ABOUT THIS TASK: Repeat the lines from the line with "18) whisk <box>1180,937,1543,1280</box>" to the line with "stapler | -0.973" in the listing below, keeping both end lines and adding nothing.
· · ·
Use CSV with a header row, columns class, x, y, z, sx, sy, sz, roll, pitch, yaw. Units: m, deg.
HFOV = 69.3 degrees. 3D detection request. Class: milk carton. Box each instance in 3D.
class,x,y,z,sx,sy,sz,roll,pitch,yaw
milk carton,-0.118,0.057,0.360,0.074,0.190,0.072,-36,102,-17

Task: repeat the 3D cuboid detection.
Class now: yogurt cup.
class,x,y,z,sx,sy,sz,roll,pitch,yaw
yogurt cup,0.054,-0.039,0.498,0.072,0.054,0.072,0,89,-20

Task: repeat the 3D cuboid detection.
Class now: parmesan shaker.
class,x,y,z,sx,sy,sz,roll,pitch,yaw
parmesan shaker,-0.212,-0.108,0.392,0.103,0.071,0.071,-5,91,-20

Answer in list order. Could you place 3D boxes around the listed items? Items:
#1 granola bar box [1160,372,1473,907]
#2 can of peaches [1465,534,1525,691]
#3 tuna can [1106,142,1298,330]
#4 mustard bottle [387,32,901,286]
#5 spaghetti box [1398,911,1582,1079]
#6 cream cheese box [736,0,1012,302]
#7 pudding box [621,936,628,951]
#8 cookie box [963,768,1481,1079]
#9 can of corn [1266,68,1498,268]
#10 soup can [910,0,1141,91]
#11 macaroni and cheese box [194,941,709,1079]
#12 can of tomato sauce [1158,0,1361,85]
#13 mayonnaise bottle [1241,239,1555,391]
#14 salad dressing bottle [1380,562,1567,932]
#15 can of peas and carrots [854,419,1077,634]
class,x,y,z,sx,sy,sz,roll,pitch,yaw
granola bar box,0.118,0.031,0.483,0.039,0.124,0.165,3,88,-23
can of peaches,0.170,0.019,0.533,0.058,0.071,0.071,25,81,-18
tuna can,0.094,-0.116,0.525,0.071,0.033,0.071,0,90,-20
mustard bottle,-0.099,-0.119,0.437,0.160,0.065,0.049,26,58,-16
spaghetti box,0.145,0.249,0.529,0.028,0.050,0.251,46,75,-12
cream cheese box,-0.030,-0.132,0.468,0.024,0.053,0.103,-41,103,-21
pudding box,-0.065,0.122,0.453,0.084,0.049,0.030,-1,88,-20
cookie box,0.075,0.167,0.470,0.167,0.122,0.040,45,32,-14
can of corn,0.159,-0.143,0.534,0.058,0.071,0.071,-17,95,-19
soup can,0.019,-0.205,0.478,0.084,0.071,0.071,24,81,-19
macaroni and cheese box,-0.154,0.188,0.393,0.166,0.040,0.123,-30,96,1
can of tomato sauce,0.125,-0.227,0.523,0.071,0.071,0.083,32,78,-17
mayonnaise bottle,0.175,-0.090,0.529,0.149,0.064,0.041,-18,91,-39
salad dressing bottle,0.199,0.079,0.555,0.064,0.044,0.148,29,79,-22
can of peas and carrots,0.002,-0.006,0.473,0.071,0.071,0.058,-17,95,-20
· · ·
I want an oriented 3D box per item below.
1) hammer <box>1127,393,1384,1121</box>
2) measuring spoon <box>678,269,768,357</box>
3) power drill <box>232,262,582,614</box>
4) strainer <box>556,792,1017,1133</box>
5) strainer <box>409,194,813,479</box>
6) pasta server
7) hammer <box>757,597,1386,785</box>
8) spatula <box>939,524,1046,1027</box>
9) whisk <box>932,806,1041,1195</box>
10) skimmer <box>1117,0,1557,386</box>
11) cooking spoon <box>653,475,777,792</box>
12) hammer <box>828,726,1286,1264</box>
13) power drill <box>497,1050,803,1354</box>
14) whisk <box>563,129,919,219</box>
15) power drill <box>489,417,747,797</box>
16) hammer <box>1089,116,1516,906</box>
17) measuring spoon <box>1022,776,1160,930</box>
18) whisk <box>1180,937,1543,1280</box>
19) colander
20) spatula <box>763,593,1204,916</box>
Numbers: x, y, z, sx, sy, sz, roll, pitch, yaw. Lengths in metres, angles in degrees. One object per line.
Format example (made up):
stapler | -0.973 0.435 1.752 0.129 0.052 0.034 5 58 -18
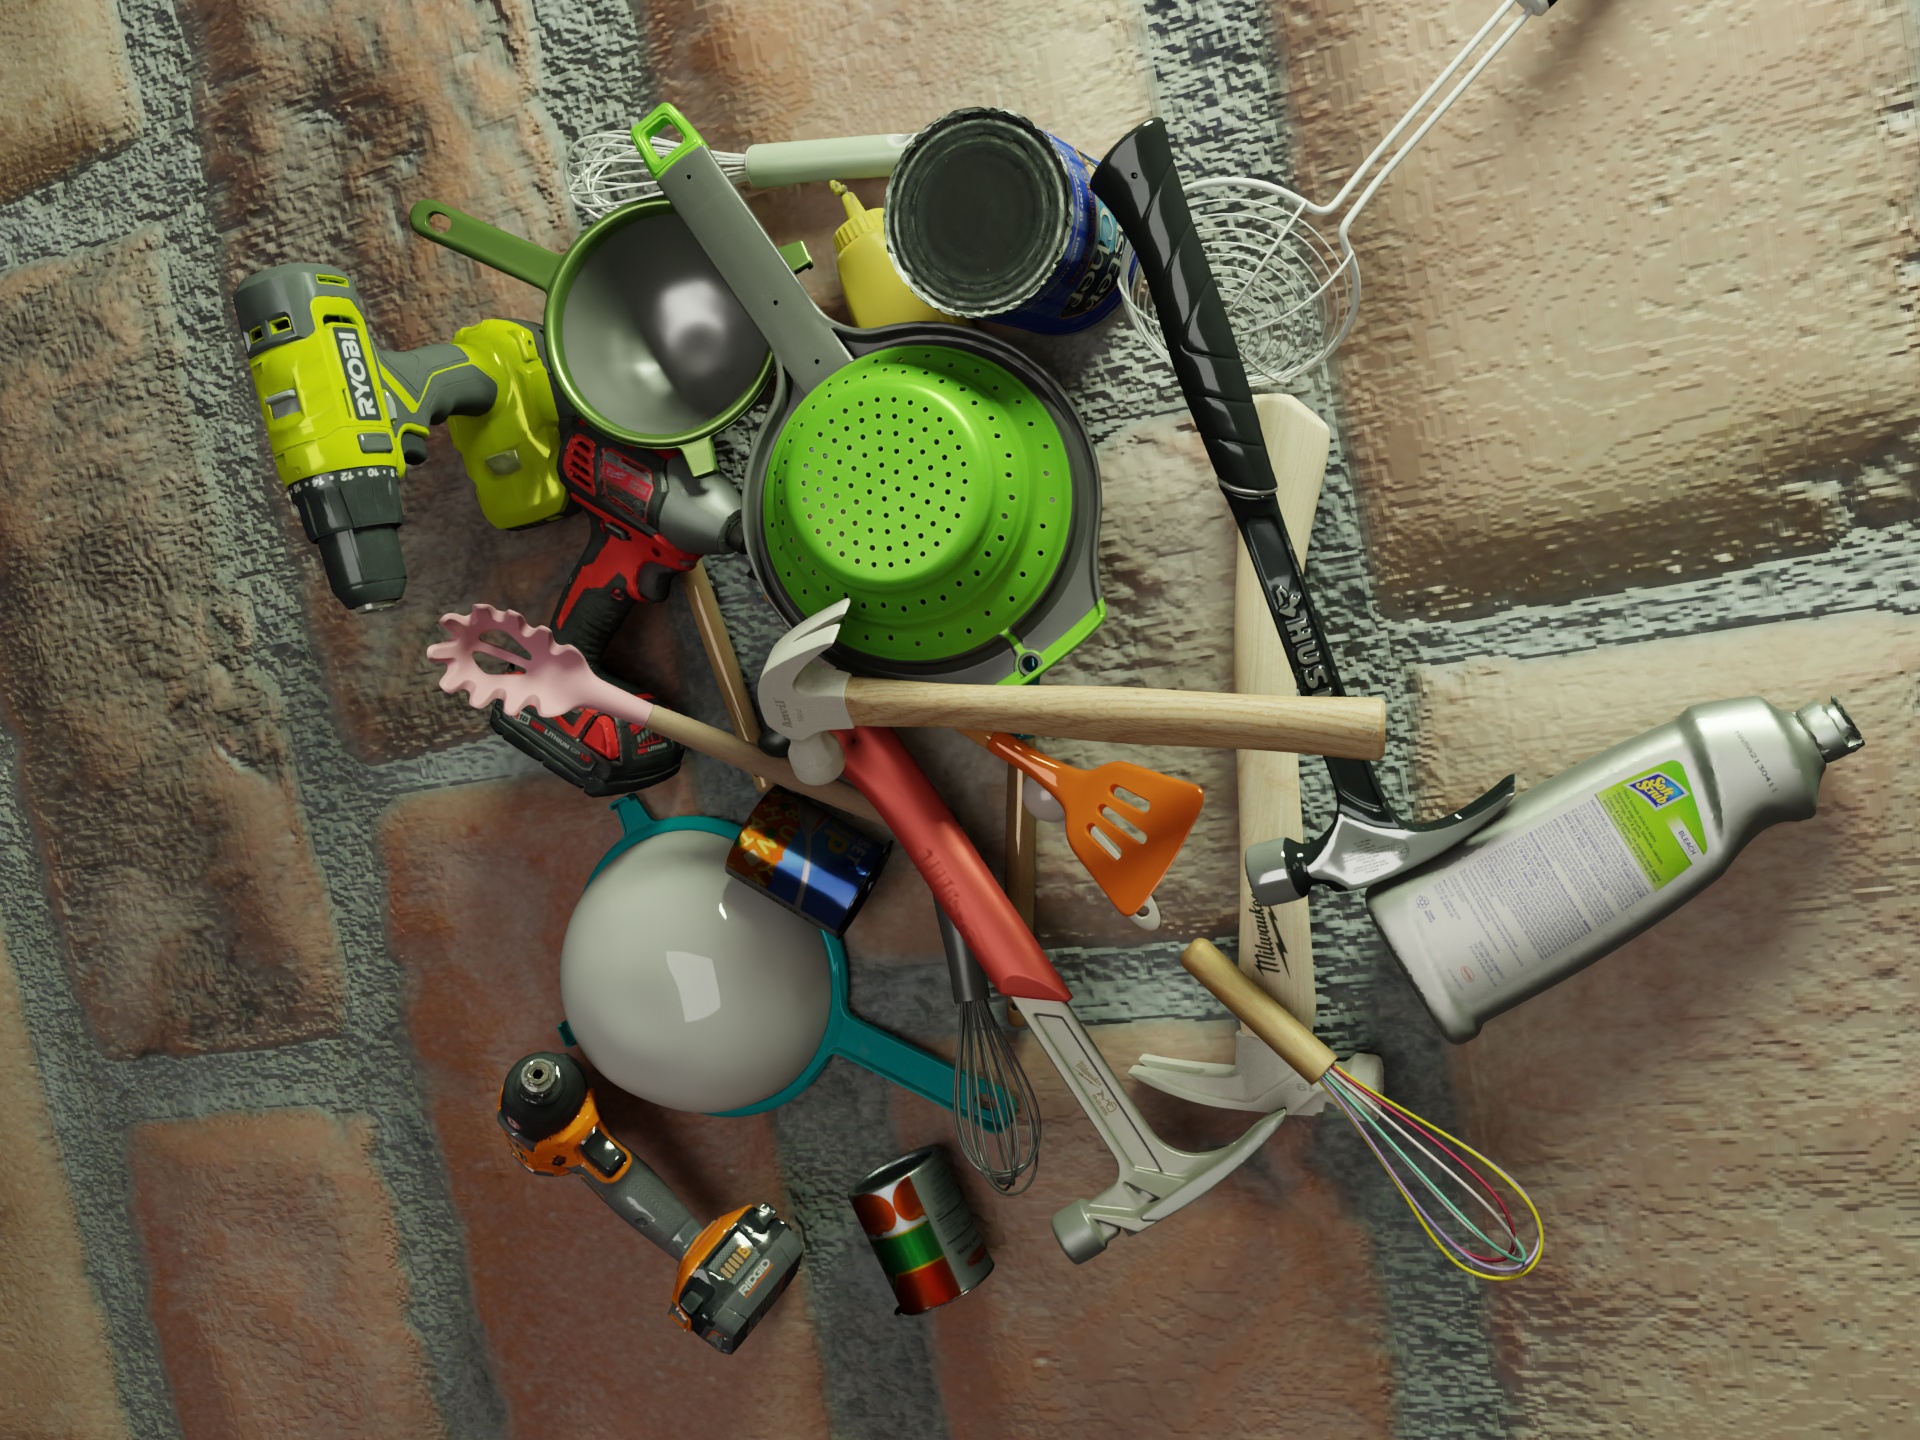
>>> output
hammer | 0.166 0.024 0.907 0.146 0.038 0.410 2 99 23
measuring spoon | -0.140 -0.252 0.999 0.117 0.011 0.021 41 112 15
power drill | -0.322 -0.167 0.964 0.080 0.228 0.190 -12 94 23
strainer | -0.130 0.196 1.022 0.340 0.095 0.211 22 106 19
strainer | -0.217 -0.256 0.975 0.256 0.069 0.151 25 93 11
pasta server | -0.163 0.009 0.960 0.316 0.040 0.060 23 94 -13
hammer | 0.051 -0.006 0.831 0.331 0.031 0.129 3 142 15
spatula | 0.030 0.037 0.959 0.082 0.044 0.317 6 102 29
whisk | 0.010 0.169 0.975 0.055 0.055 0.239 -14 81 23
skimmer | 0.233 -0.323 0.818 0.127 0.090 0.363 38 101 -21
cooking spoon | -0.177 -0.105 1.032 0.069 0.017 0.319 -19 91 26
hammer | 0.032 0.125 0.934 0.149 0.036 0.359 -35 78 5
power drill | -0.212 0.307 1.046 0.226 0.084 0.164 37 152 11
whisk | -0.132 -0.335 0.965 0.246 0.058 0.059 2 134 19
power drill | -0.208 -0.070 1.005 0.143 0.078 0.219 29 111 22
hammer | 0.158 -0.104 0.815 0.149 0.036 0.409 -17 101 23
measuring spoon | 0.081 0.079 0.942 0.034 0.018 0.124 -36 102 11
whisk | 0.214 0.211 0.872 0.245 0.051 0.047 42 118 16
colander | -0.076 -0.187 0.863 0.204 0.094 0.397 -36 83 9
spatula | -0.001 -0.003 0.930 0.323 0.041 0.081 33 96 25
· · ·
ANSWER FOR THE TASK:
18) whisk <box>1180,937,1543,1280</box>
19) colander
20) spatula <box>763,593,1204,916</box>
Numbers: x, y, z, sx, sy, sz, roll, pitch, yaw. Lengths in metres, angles in degrees. One object per line.
Format example (made up):
stapler | -0.973 0.435 1.752 0.129 0.052 0.034 5 58 -18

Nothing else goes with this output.